Assignment -
Scan the records for the string "object" and copy every line that holds it.

(Records from a dataset)
--------------------------------------------------

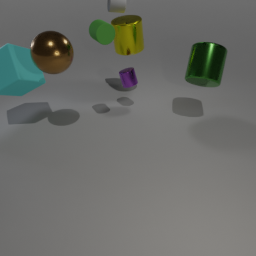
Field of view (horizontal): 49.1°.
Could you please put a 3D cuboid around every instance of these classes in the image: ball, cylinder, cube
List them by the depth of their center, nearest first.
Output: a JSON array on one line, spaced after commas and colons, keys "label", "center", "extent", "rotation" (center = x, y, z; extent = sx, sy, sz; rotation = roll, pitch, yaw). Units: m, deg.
[{"label": "ball", "center": [-2.506, -2.486, 9.275], "extent": [1.400, 1.400, 1.400], "rotation": [0, 31, 0]}, {"label": "cylinder", "center": [-0.881, -3.244, 9.466], "extent": [0.700, 0.700, 0.700], "rotation": [-15, 36, -23]}, {"label": "cube", "center": [-4.256, -2.121, 10.556], "extent": [1.400, 1.400, 1.400], "rotation": [-22, -5, 23]}, {"label": "cylinder", "center": [3.064, -2.460, 11.037], "extent": [1.400, 1.400, 1.400], "rotation": [13, -2, 0]}, {"label": "cylinder", "center": [-0.489, -5.351, 12.060], "extent": [0.700, 0.700, 0.700], "rotation": [-2, 30, -14]}, {"label": "cylinder", "center": [0.018, -2.223, 12.341], "extent": [0.700, 0.700, 0.700], "rotation": [-15, 25, 7]}, {"label": "cylinder", "center": [-0.002, -4.248, 12.806], "extent": [1.400, 1.400, 1.400], "rotation": [-5, 38, 4]}]
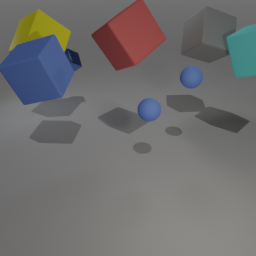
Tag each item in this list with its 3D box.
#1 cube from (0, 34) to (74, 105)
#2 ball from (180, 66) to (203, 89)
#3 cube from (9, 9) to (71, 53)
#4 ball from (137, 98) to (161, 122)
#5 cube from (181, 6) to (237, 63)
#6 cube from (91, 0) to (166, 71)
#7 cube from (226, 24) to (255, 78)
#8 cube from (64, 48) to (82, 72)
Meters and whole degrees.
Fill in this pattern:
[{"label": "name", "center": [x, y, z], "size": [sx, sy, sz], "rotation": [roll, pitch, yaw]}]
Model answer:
[{"label": "cube", "center": [-2.691, -1.748, 8.477], "size": [1.400, 1.400, 1.400], "rotation": [-9, 41, 17]}, {"label": "ball", "center": [1.975, -1.583, 8.732], "size": [0.700, 0.700, 0.700], "rotation": [0, 29, 0]}, {"label": "cube", "center": [-3.184, -3.122, 10.147], "size": [1.400, 1.400, 1.400], "rotation": [1, -18, 45]}, {"label": "ball", "center": [0.631, -0.539, 8.298], "size": [0.700, 0.700, 0.700], "rotation": [0, 29, 0]}, {"label": "cube", "center": [3.001, -3.433, 10.505], "size": [1.400, 1.400, 1.400], "rotation": [10, -7, -21]}, {"label": "cube", "center": [0.002, -2.796, 8.597], "size": [1.400, 1.400, 1.400], "rotation": [-44, 21, -18]}, {"label": "cube", "center": [4.271, -2.571, 9.043], "size": [1.400, 1.400, 1.400], "rotation": [-33, 22, -34]}, {"label": "cube", "center": [-2.500, -2.827, 11.902], "size": [0.700, 0.700, 0.700], "rotation": [-23, -14, 26]}]
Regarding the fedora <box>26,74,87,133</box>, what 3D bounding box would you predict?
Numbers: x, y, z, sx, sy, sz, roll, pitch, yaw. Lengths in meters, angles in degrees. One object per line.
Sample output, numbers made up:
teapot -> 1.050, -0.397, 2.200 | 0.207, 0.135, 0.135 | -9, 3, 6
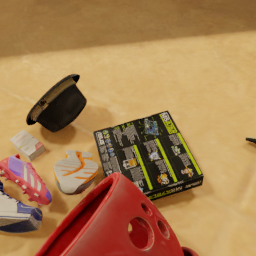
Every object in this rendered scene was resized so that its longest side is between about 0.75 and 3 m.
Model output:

--------------------------------------------------

Exercise solution -
Numbers: x, y, z, sx, sy, sz, roll, pitch, yaw. Lengths in meters, angles in degrees. One object per line.
Every object in this rendered scene was resized so that its longest side is between about 0.75 and 3 m.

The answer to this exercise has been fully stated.